→ **Records provided**
┄┄┄┄┄┄┄┄┄┄
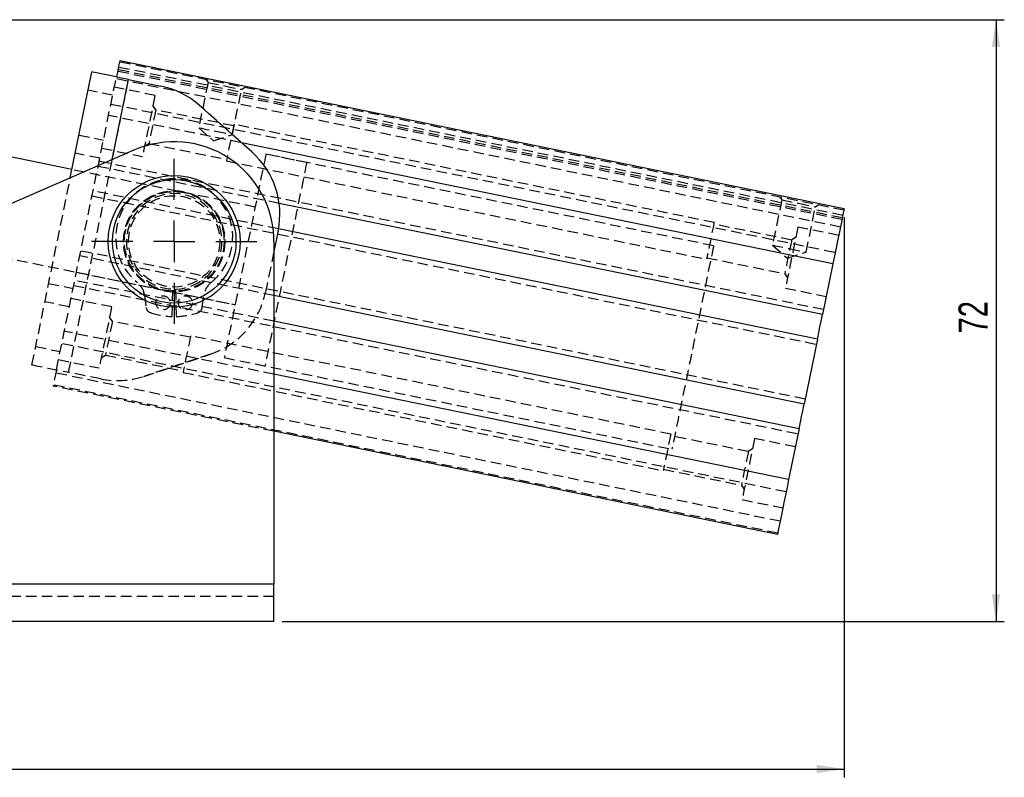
# Model space of a CAD drawing. Extents: x 26 to 331, y 10 to 276.
# Tile 8 of 8: x 213 to 331, y 185 to 276. Entities that reach past the tile are written whole.
import ezdxf

# ---------------------------------------------------------------- set-up
doc = ezdxf.new("R2010")
doc.units = 0
doc.linetypes.add('HIDDEN', pattern=[1.905, 1.27, -0.635])
doc.layers.get('0').update_dxf_attribs({"linetype": 'CONTINUOUS'})
doc.styles.add('SLDTEXTSTYLE0', font='TXT', dxfattribs={"width": 0.75})
doc.dimstyles.new('SLDDIMSTYLE0', dxfattribs={"dimtxt": 3.5, "dimasz": 3.302, "dimexe": 0, "dimexo": 0.0625, "dimgap": 0.875, "dimtad": 1, "dimdec": 0, "dimrnd": 1e-09, "dimzin": 12, "dimtxsty": 'SLDTEXTSTYLE0', "dimsah": 1, "dimcen": 0.09, "dimazin": 3, "dimtfac": 1, "dimtdec": 0, "dimtofl": 0, "dimtmove": 0, "dimatfit": 3, "dimtolj": 1, "dimtzin": 12})
doc.dimstyles.new('SLDDIMSTYLE1', dxfattribs={"dimtxt": 3.5, "dimasz": 3.302, "dimexe": 0, "dimexo": 0.0625, "dimgap": 0.875, "dimtad": 1, "dimdec": 0, "dimrnd": 1e-09, "dimzin": 12, "dimtxsty": 'SLDTEXTSTYLE0', "dimsah": 1, "dimcen": 0.09, "dimazin": 3, "dimtfac": 1, "dimtofl": 0, "dimtmove": 0, "dimatfit": 3, "dimtolj": 1, "dimtzin": 12})

# ---------------------------------------------------------------- blocks, each defined once
blk = doc.blocks.new('_D_2')
at = {"color": 179, "linetype": 'CONTINUOUS'}
for p, q in [((311.82, 252.61), (311.82, 185.16)), ((43.66, 237.95), (43.66, 185.16)), ((43.66, 186.16), (311.82, 186.16))]:
    blk.add_line(p, q, dxfattribs=at)
for points in [[(43.66, 186.16), (46.96, 185.66), (46.96, 186.67)], [(311.82, 186.16), (308.51, 186.67), (308.51, 185.66)]]:
    blk.add_solid(points, dxfattribs=at)
at = {"color": 179, "linetype": 'CONTINUOUS', "insert": (169.49, 190.68, 0.1), "char_height": 3.5, "attachment_point": 1, "style": 'SLDTEXTSTYLE0'}
blk.add_mtext('268', dxfattribs=at)
blk = doc.blocks.new('_D_3')
at = {"color": 179, "linetype": 'CONTINUOUS'}
for p, q in [((132.81, 276.41), (331.1, 276.41)), ((330.1, 276.41), (330.1, 203.92)), ((244.18, 203.92), (331.1, 203.92))]:
    blk.add_line(p, q, dxfattribs=at)
for points in [[(330.1, 276.41), (329.59, 273.11), (330.61, 273.11)], [(330.1, 203.92), (330.61, 207.22), (329.59, 207.22)]]:
    blk.add_solid(points, dxfattribs=at)
at = {"color": 179, "linetype": 'CONTINUOUS', "insert": (325.59, 238.62, 0.1), "char_height": 3.5, "attachment_point": 1, "rotation": 90, "style": 'SLDTEXTSTYLE0'}
blk.add_mtext('72', dxfattribs=at)
blk = doc.blocks.new('_D_4')
at = {"color": 179, "linetype": 'CONTINUOUS'}
for p, q in [((158.18, 246.1), (194.24, 246.1)), ((193.24, 246.1), (193.24, 203.92))]:
    blk.add_line(p, q, dxfattribs=at)
for points in [[(193.24, 246.1), (192.73, 242.8), (193.74, 242.8)], [(193.24, 203.92), (193.74, 207.22), (192.73, 207.22)]]:
    blk.add_solid(points, dxfattribs=at)
at = {"color": 179, "linetype": 'CONTINUOUS', "insert": (188.72, 219.59, 0.1), "char_height": 3.5, "attachment_point": 1, "rotation": 90, "style": 'SLDTEXTSTYLE0'}
blk.add_mtext('42', dxfattribs=at)
blk = doc.blocks.new('SW_CENTERMARKSYMBOL_5')
at = {"color": 0, "linetype": 'CONTINUOUS'}
for p, q in [((0, 5), (0, 9.9375)), ((0, 0), (0, 2.5)), ((-5, 0), (-9.9375, 0)), ((0, 0), (-2.5, 0)), ((0, 0), (0, -2.5)), ((0, 0), (2.5, 0)), ((5, 0), (9.9375, 0)), ((0, -5), (0, -9.9375))]:
    blk.add_line(p, q, dxfattribs=at)

msp = doc.modelspace()

# ---------------------------------------------------------------- linework, layer by layer
at = {"color": 7, "linetype": 'CONTINUOUS'}
for p, q in [((311.815444, 253.612581), (224.624779, 271.467204)), ((218.675319, 257.367934), (221.284534, 270.109701)), ((225.69305, 269.206944), (229.568597, 268.413319)), ((218.87717, 258.353657), (166.95464, 268.986183)), ((234.198179, 266.097742), (240.531589, 260.480042)), ((310.464609, 247.015971), (239.275995, 261.593743)), ((226.408433, 260.71985), (130.192317, 219.014991)), ((309.209469, 240.886665), (243.813704, 254.278197)), ((243.692573, 250.992778), (243.1808, 248.493607)), ((308.603618, 237.928058), (243.734862, 251.211672)), ((243.1808, 249.709654), (243.1808, 208.422041)), ((310.464609, 247.015971), (309.209469, 240.886665)), ((307.002727, 230.110289), (243.1808, 243.179533)), ((306.39686, 227.151684), (243.1808, 240.096862)), ((308.603618, 237.928058), (307.002727, 230.110289)), ((305.141721, 221.022377), (243.1808, 233.710534)), ((303.7909, 214.425765), (243.1808, 226.837303)), ((306.39686, 227.151684), (305.141721, 221.022377)), ((243.1808, 208.422041), (127.180803, 208.422041)), ((243.1808, 203.922041), (243.1808, 208.422041)), ((243.1808, 203.922041), (127.180803, 203.922041))]:
    msp.add_line(p, q, dxfattribs=at)
at = {"color": 7, "linetype": 'HIDDEN'}
for p, q in [((311.594773, 252.534944), (224.4041, 270.389567)), ((311.656121, 252.834539), (224.465448, 270.689155)), ((311.785344, 253.465633), (224.594686, 271.320256)), ((217.001456, 234.239728), (224.22355, 269.507865)), ((218.470957, 233.938807), (225.69305, 269.206944)), ((311.368946, 251.432179), (224.17828, 269.286799)), ((311.553005, 252.330991), (224.362332, 270.185615)), ((235.028173, 269.183713), (235.248644, 268.849696)), ((223.772164, 267.303604), (220.833156, 267.905447)), ((228.871133, 267.280205), (223.972778, 268.283273)), ((235.248644, 268.849696), (234.131831, 263.395871)), ((238.181788, 262.566532), (239.2986, 268.020361)), ((239.2986, 268.020361), (239.632625, 268.240831)), ((223.556507, 266.250457), (310.74718, 248.395837)), ((228.957694, 265.544555), (228.620369, 266.055617)), ((238.330204, 263.625282), (228.957694, 265.544555)), ((240.531589, 260.480042), (234.198179, 266.097742)), ((239.275995, 261.593743), (223.273944, 264.870591)), ((234.131831, 263.395871), (235.9174, 261.812079)), ((296.167466, 251.968353), (238.366913, 263.804561)), ((219.729777, 262.517258), (222.668793, 261.915418)), ((235.9174, 261.812079), (238.181788, 262.566532)), ((222.468178, 260.935745), (227.366533, 259.932677)), ((227.617297, 261.157266), (228.128362, 261.494598)), ((228.128362, 261.494598), (237.500865, 259.575325)), ((218.470957, 233.938807), (223.716121, 259.552869)), ((222.217407, 259.711157), (219.278399, 260.313)), ((247.122097, 259.20464), (242.223743, 260.207708)), ((296.105612, 249.173953), (242.223743, 260.207708)), ((243.813704, 254.278197), (222.018804, 258.741285)), ((309.332851, 241.48916), (222.142178, 259.343783)), ((237.464156, 259.396045), (295.264709, 247.559837)), ((214.062441, 234.841569), (218.675319, 257.367934)), ((240.919757, 253.83985), (218.87717, 258.353657)), ((240.919757, 253.83985), (221.816185, 257.751818)), ((221.289571, 255.180183), (308.480236, 237.325561)), ((243.734862, 251.211672), (221.412953, 255.782682)), ((304.094944, 255.040451), (304.315406, 254.70643)), ((304.315406, 254.70643), (303.198594, 249.252605)), ((307.248551, 248.423266), (308.365363, 253.877091)), ((308.365363, 253.877091), (308.699388, 254.097565)), ((305.503267, 249.869804), (296.130765, 251.789073)), ((311.163444, 250.428653), (306.265089, 251.431721)), ((306.014333, 250.207133), (305.503267, 249.869804)), ((201.092288, 249.746571), (238.512393, 242.083806)), ((303.198594, 249.252605), (304.984171, 247.668813)), ((243.1808, 243.179533), (219.812054, 247.96491)), ((307.126093, 230.712785), (219.935428, 248.567409)), ((243.1808, 248.493607), (242.181126, 243.611797)), ((295.301426, 247.739117), (304.673928, 245.819843)), ((304.984171, 247.668813), (307.248551, 248.423266)), ((219.408821, 245.995774), (238.512393, 242.083806)), ((304.673928, 245.819843), (305.011261, 245.308782)), ((216.068577, 244.638274), (219.007592, 244.036431)), ((219.082821, 244.403808), (306.273494, 226.549187)), ((243.1808, 240.096862), (219.206195, 245.006307)), ((227.612864, 243.199556), (227.804992, 241.740203)), ((230.930801, 240.663107), (231.021966, 243.961847)), ((231.339644, 243.961847), (231.430802, 240.663107)), ((234.556611, 241.740203), (234.748739, 243.199556)), ((304.760489, 244.084193), (309.658844, 243.081125)), ((218.556206, 241.832173), (215.617198, 242.434013)), ((223.655175, 241.808775), (218.756821, 242.811843)), ((223.741743, 240.073125), (223.404411, 240.584186)), ((233.114246, 238.153852), (223.741743, 240.073125)), ((243.1808, 233.710534), (217.951055, 238.876998)), ((290.951509, 226.496923), (233.150962, 238.333131)), ((214.513827, 237.045827), (217.452835, 236.443986)), ((304.839108, 219.544543), (217.648435, 237.399164)), ((222.401339, 235.685836), (222.912404, 236.023166)), ((222.912404, 236.023166), (232.284907, 234.103895)), ((235.545408, 236.130673), (227.513622, 233.454627)), ((227.513622, 233.454627), (235.545408, 236.130671)), ((217.252221, 235.464315), (222.150575, 234.461247)), ((237.2084, 235.715947), (242.106754, 234.712879)), ((237.2084, 235.715947), (291.090268, 224.682192)), ((304.11284, 215.997973), (216.922175, 233.852594)), ((222.346503, 233.145186), (218.470957, 233.938807)), ((232.248198, 233.924615), (290.048752, 222.088405)), ((303.820986, 214.572716), (216.630321, 232.427337)), ((243.1808, 226.837303), (216.600228, 232.280386)), ((300.28731, 224.398372), (290.914807, 226.317643)), ((305.947486, 224.957223), (301.049146, 225.960291)), ((300.798375, 224.735702), (300.28731, 224.398372)), ((290.085468, 222.267685), (299.457971, 220.348414)), ((299.457971, 220.348414), (299.795303, 219.837351)), ((299.544531, 218.612763), (304.442886, 217.609694)), ((243.1808, 208.422041), (127.180803, 208.422041)), ((243.1808, 206.922041), (127.180803, 206.922041))]:
    msp.add_line(p, q, dxfattribs=at)
at = {"color": 8, "linetype": 'CONTINUOUS'}
msp.add_line((223.716121, 259.552869), (225.69305, 269.206944), dxfattribs=at)
at = {"color": 7, "linetype": 'CONTINUOUS', "flags": 128}
for points in [[(224.624779, 271.467204), (224.48695, 270.794149), (224.339466, 270.073946), (224.22355, 269.507865)], [(225.69305, 269.206944), (224.832993, 269.383061), (224.005986, 269.552412), (223.243814, 269.708487), (222.575765, 269.845287), (222.027506, 269.95756), (221.620116, 270.040984), (221.369248, 270.092356), (221.284534, 270.109701)], [(311.815444, 253.612581), (311.677623, 252.939529), (311.530131, 252.219322), (311.373371, 251.453753), (311.2077, 250.644731), (311.033535, 249.794274), (310.851339, 248.904503), (310.661543, 247.977632), (310.464609, 247.015971)], [(308.603618, 237.928058), (308.641214, 238.111678), (308.766026, 238.721172), (308.906544, 239.40736), (309.047062, 240.093551), (309.171874, 240.703045), (309.209469, 240.886665)], [(306.39686, 227.151684), (306.434471, 227.335301), (306.559283, 227.944798), (306.699786, 228.630987), (306.840304, 229.317176), (306.965116, 229.926671), (307.002727, 230.110289)], [(305.141721, 221.022377), (304.944802, 220.060716), (304.755006, 219.133845), (304.572794, 218.244072), (304.398644, 217.393615), (304.232973, 216.584595), (304.076198, 215.819026), (303.928721, 215.098818), (303.7909, 214.425765)]]:
    msp.add_lwpolyline(points, dxfattribs=at)
at = {"color": 7, "linetype": 'HIDDEN', "flags": 128}
for points in [[(235.248644, 268.849696), (235.31061, 268.837008), (235.578384, 268.782171), (236.029859, 268.689725), (236.616116, 268.56967), (237.273622, 268.435027)], [(237.273622, 268.435027), (237.931136, 268.300383), (238.517392, 268.180332), (238.968867, 268.087882), (239.236641, 268.033049), (239.2986, 268.020361)], [(228.871133, 267.280205), (228.865649, 267.25342), (228.822242, 267.04147), (228.737961, 266.629889), (228.617701, 266.042597), (228.468444, 265.313725), (228.298869, 264.48563), (228.118833, 263.606443), (227.938797, 262.727252), (227.769222, 261.899157), (227.619964, 261.170286), (227.499697, 260.582994), (227.415416, 260.171413), (227.372016, 259.959462), (227.366533, 259.932677)], [(228.957694, 265.544555), (228.956278, 265.537637), (228.922773, 265.373996), (228.848111, 265.009402), (228.74039, 264.483358), (228.611279, 263.852875), (228.474777, 263.186275), (228.345666, 262.555792), (228.237945, 262.029751), (228.163283, 261.665153), (228.129778, 261.501513), (228.128362, 261.494598)], [(234.131831, 263.395871), (234.19379, 263.383183), (234.461564, 263.32835), (234.91304, 263.235896), (235.499296, 263.115845), (236.15681, 262.981202)], [(238.366913, 263.804561), (238.344822, 263.696677), (238.280709, 263.383589), (238.180849, 262.895933), (238.055016, 262.281458), (237.915534, 261.600303), (237.776052, 260.919153), (237.650219, 260.304674), (237.550359, 259.817022), (237.486247, 259.50393), (237.464156, 259.396045)], [(236.15681, 262.981202), (236.814316, 262.846558), (237.400572, 262.726507), (237.852055, 262.634057), (238.119822, 262.579224), (238.181788, 262.566532)], [(242.223743, 260.207708), (242.202293, 260.102942), (242.1383, 259.790438), (242.032859, 259.275547), (241.887781, 258.567072), (241.70554, 257.677137), (241.489265, 256.620972), (241.242651, 255.416646), (240.969907, 254.084769), (240.675721, 252.648122), (240.365106, 251.131295), (240.04339, 249.560236), (239.716071, 247.961826), (239.38876, 246.363419), (239.067044, 244.79236), (238.756429, 243.275533), (238.462235, 241.838886), (238.189499, 240.507009), (237.942885, 239.302683), (237.726602, 238.246518), (237.544369, 237.356584), (237.399291, 236.64811), (237.29385, 236.133215), (237.229857, 235.820712), (237.2084, 235.715947)], [(242.223743, 260.207708), (242.202293, 260.102942), (242.1383, 259.790438), (242.032859, 259.275547), (241.887781, 258.567072), (241.70554, 257.677137), (241.489265, 256.620972), (241.242651, 255.416646), (240.969907, 254.084769), (240.675721, 252.648122), (240.365106, 251.131295), (240.04339, 249.560236), (239.716071, 247.961826), (239.38876, 246.363419), (239.067044, 244.79236), (238.756429, 243.275533), (238.462235, 241.838886), (238.189499, 240.507009), (237.942885, 239.302683), (237.726602, 238.246518), (237.544369, 237.356584), (237.399291, 236.64811), (237.29385, 236.133215), (237.229857, 235.820712), (237.2084, 235.715947)], [(247.122097, 259.20464), (247.100647, 259.099874), (247.036654, 258.78737), (246.931214, 258.272476), (246.786136, 257.564004), (246.603895, 256.674069), (246.387619, 255.617904), (246.140997, 254.413578), (245.868262, 253.081697), (245.574068, 251.645054), (245.263461, 250.128227), (244.941745, 248.557168), (244.614426, 246.958758), (244.287107, 245.360351), (243.965391, 243.789292), (243.654783, 242.272462), (243.36059, 240.835818), (243.087854, 239.503938), (242.841232, 238.299615), (242.624957, 237.243448), (242.442716, 236.353516), (242.297638, 235.64504), (242.192205, 235.130147), (242.128204, 234.817644), (242.106754, 234.712879)], [(304.315406, 254.70643), (304.37738, 254.693742), (304.645139, 254.638906), (305.096615, 254.546455), (305.682886, 254.426404), (306.340385, 254.291761)], [(306.340385, 254.291761), (306.997899, 254.157118), (307.584155, 254.037066), (308.03563, 253.944612), (308.303404, 253.88978), (308.365363, 253.877091)], [(296.167466, 251.968353), (296.145383, 251.860469), (296.081263, 251.547377), (295.981411, 251.059725), (295.85557, 250.44525), (295.716095, 249.764095), (295.576606, 249.082941), (295.45078, 248.468465), (295.350913, 247.980814), (295.286808, 247.667721), (295.264709, 247.559837)], [(306.265089, 251.431721), (306.259606, 251.404936), (306.216213, 251.192986), (306.131933, 250.781405), (306.011665, 250.194113), (305.8624, 249.465241), (305.692825, 248.637146), (305.512789, 247.757959), (305.332753, 246.878768), (305.163178, 246.050674), (305.013928, 245.321802), (304.893661, 244.73451), (304.80938, 244.322929), (304.765973, 244.110978), (304.760489, 244.084193)], [(296.105612, 249.173953), (296.084169, 249.069187), (296.020168, 248.756683), (295.914728, 248.241792), (295.76965, 247.533317), (295.587424, 246.643382), (295.371133, 245.587218), (295.124519, 244.382891), (294.851783, 243.051014), (294.55759, 241.614367), (294.246975, 240.09754), (293.925259, 238.526481), (293.59794, 236.928073), (293.270636, 235.329664), (292.94892, 233.758605), (292.638305, 232.241777), (292.344112, 230.805132), (292.071376, 229.473253), (291.824761, 228.268928), (291.608471, 227.212763), (291.426245, 226.322829), (291.281167, 225.614355), (291.175726, 225.09946), (291.111726, 224.786957), (291.090268, 224.682192)], [(303.198594, 249.252605), (303.260553, 249.239913), (303.528327, 249.185081), (303.979803, 249.09263), (304.566059, 248.972579), (305.223573, 248.837936)], [(305.503267, 249.869804), (305.501852, 249.862886), (305.468339, 249.699245), (305.393684, 249.334647), (305.285964, 248.808607), (305.156845, 248.178124), (305.020351, 247.511524), (304.891232, 246.881041), (304.783512, 246.355), (304.708857, 245.990402), (304.675344, 245.826761), (304.673928, 245.819843)], [(305.223573, 248.837936), (305.881086, 248.703293), (306.467343, 248.583241), (306.918818, 248.490787), (307.186592, 248.435955), (307.248551, 248.423266)], [(223.655175, 241.808775), (223.649691, 241.78199), (223.606292, 241.57004), (223.522003, 241.158458), (223.401744, 240.571166), (223.252486, 239.842295), (223.082911, 239.0142), (222.902875, 238.135009), (222.722839, 237.255822), (222.553264, 236.427727), (222.404007, 235.698856), (222.283739, 235.111562), (222.199458, 234.699982), (222.156059, 234.488032), (222.150575, 234.461247)], [(223.741743, 240.073125), (223.74032, 240.066207), (223.706815, 239.902566), (223.632153, 239.537972), (223.524432, 239.011928), (223.395321, 238.381444), (223.258819, 237.714845), (223.129708, 237.084362), (223.021987, 236.558319), (222.947333, 236.193723), (222.91382, 236.030082), (222.912404, 236.023166)], [(233.150962, 238.333131), (233.128864, 238.225247), (233.064752, 237.912155), (232.964892, 237.424503), (232.839066, 236.810028), (232.699576, 236.128873), (232.560094, 235.447721), (232.434261, 234.833243), (232.334401, 234.345592), (232.270289, 234.0325), (232.248198, 233.924615)], [(214.062441, 234.841569), (214.147154, 234.824223), (214.398022, 234.772849), (214.805413, 234.689425), (215.353664, 234.577156), (216.02172, 234.440354), (216.783892, 234.284279), (217.610899, 234.114927), (218.470957, 233.938807)], [(217.001456, 234.239728), (216.885533, 233.673648), (216.738049, 232.953439), (216.600228, 232.280386)], [(290.951509, 226.496923), (290.929425, 226.389038), (290.865305, 226.075946), (290.765453, 225.588295), (290.639612, 224.973817), (290.500138, 224.292665), (290.360648, 223.61151), (290.234822, 222.997033), (290.134955, 222.509381), (290.07085, 222.196289), (290.048752, 222.088405)], [(301.049146, 225.960291), (301.043648, 225.933504), (301.000256, 225.721556), (300.915975, 225.309975), (300.795707, 224.722683), (300.646443, 223.993811), (300.476882, 223.165716), (300.296832, 222.286527), (300.116796, 221.407337), (299.94722, 220.579243), (299.79797, 219.850371), (299.677703, 219.263079), (299.593422, 218.851497), (299.550015, 218.639549), (299.544531, 218.612763)], [(300.28731, 224.398372), (300.285894, 224.391456), (300.252381, 224.227815), (300.177727, 223.863217), (300.070006, 223.337176), (299.940887, 222.706693), (299.804393, 222.040092), (299.675274, 221.40961), (299.567554, 220.883567), (299.492899, 220.518971), (299.459386, 220.35533), (299.457971, 220.348414)]]:
    msp.add_lwpolyline(points, dxfattribs=at)
at = {"color": 7, "linetype": 'CONTINUOUS'}
for radius in [7.9375, 7.4375]:
    msp.add_circle((231.180804, 249.709652), radius, dxfattribs=at)
at = {"color": 7, "linetype": 'HIDDEN'}
for centre, radius in [((231.180804, 249.709652), 6.1), ((231.180804, 249.709652), 6.05), ((231.180804, 249.709652), 6), ((231.180804, 249.709652), 5.5), ((229.830804, 242.306739), 0.85), ((232.530804, 242.306739), 0.85)]:
    msp.add_circle(centre, radius, dxfattribs=at)
at = {"color": 7, "linetype": 'CONTINUOUS'}
for centre, radius, start, end in [((227.562459, 258.616617), 10, 48.42714862, 78.42714993), ((231.180804, 249.709652), 11.999999, 0, 113.43431178), ((233.895871, 252.998914), 10, 348.42714993, 48.42714862)]:
    msp.add_arc(centre, radius, start, end, dxfattribs=at)
at = {"color": 7, "linetype": 'HIDDEN'}
for centre, radius, start, end in [((231.180804, 250.218262), 7.04139, 309.03918176, 230.96081824), ((231.180804, 249.709652), 5.75, 271.58295771, 268.41704229), ((225.235399, 242.886555), 2.397983, 7.5, 50.96081824), ((237.126209, 242.886555), 2.397983, 129.03918176, 172.5), ((232.384418, 245.617935), 10, 288.42715125, 348.42714993), ((228.548578, 241.838097), 0.75, 187.5, 251.51020982), ((231.180804, 249.709652), 9.05, 251.51020982, 268.41704229), ((231.180804, 249.709652), 9.05, 271.58295771, 288.48979018), ((233.81303, 241.838097), 0.75, 288.48979018, 352.5), ((224.352639, 242.94189), 10, 258.42714993, 288.42715125)]:
    msp.add_arc(centre, radius, start, end, dxfattribs=at)

# ---------------------------------------------------------------- block references
at = {"color": 179, "linetype": 'CONTINUOUS'}
msp.add_blockref('SW_CENTERMARKSYMBOL_5', (231.180804, 249.709652), dxfattribs=at)

# ---------------------------------------------------------------- dimensions: what is measured, and where the dimension line sits
for base, p1, dimstyle, picture, middle in [((330.098933, 203.922041), (131.807157, 276.409064), 'SLDDIMSTYLE0', '_D_3', (330.098933, 242.628595)), ((193.236386, 203.922041), (157.180803, 246.098147), 'SLDDIMSTYLE1', '_D_4', (193.236386, 223.596827))]:
    dim = msp.add_linear_dim(base=base, p1=p1, p2=(243.180803, 203.922041), angle=90, dimstyle=dimstyle, dxfattribs=at)
    dim.commit()
    dim.dimension.update_dxf_attribs({"geometry": picture, "text_midpoint": middle, "dimtype": 160})
dim = msp.add_linear_dim(base=(311.815443, 186.164491), p1=(43.660551, 238.949125), p2=(311.815443, 253.612582), dimstyle='SLDDIMSTYLE1', dxfattribs=at)
dim.commit()
dim.dimension.update_dxf_attribs({"geometry": '_D_2', "text_midpoint": (174.786844, 186.164491), "dimtype": 160})

doc.saveas('drawing.dxf')
┄┄┄┄┄┄┄┄┄┄
→ **Assigned task**
Take every line from the data that includes the word "geometry".

→ **Solution for this task**
    dim.dimension.update_dxf_attribs({"geometry": picture, "text_midpoint": middle, "dimtype": 160})
dim.dimension.update_dxf_attribs({"geometry": '_D_2', "text_midpoint": (174.786844, 186.164491), "dimtype": 160})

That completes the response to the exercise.